Metadata-Version: 2.1
Name: gpx_vis
Version: 0.3.2
Summary: Visualising your completed Komoot tours
Author-email: Jia Wei Teh <jiaweiteh.astro@gmail.com>
Classifier: Programming Language :: Python :: 3
Classifier: Operating System :: OS Independent
Requires-Python: >=3.8
Description-Content-Type: text/markdown
License-File: LICENSE
Requires-Dist: folium
Requires-Dist: numpy
Requires-Dist: pandas
Requires-Dist: humanfriendly
Requires-Dist: reverse_geocode
Requires-Dist: matplotlib
Requires-Dist: vincenty
Requires-Dist: altair
Requires-Dist: gpxpy

About `gpx_vis`
===============

`gpx_vis` enables simple and convenient visualisation of your cycling or hiking tours.

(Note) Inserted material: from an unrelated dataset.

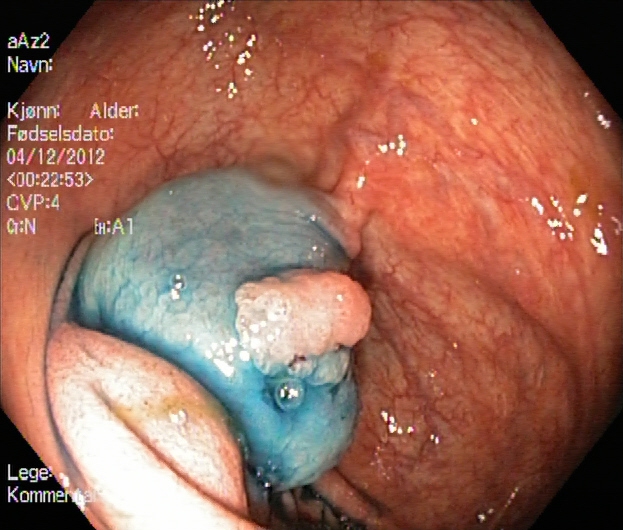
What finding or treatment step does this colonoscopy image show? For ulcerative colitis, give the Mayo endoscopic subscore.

dyed and lifted polyp (pre-resection)

Important note: Currently, it exclusively supports .GPX files generated from completed paths in Komoot. Please be aware that this tool is still in development.

Install
-------

```bash
pip install gpx_vis
```

Update to the latest version:

```bash
pip install gpx_vis --upgrade
```

Instantiate
-----------

```python
from gpx_vis import Track

track = Track(pathname)
```

`pathname` serves as a reference to either a single `.gpx` file or a directory.
If a directory path is provided, all .gpx files contained within that directory
will be merged, but retain their original metadata (e.g., different tracks remain separated).
This allows users to overlay multiple tracks onto a single map, 
providing a comprehensive summary of the data being analyzed.

Map creation
------------

```python
track.create_map(filename)
```

This generates an HTML file saved under `filename`, which contains an interactive map.
Users can hover over routes or click on final waypoints (flags) for additional information.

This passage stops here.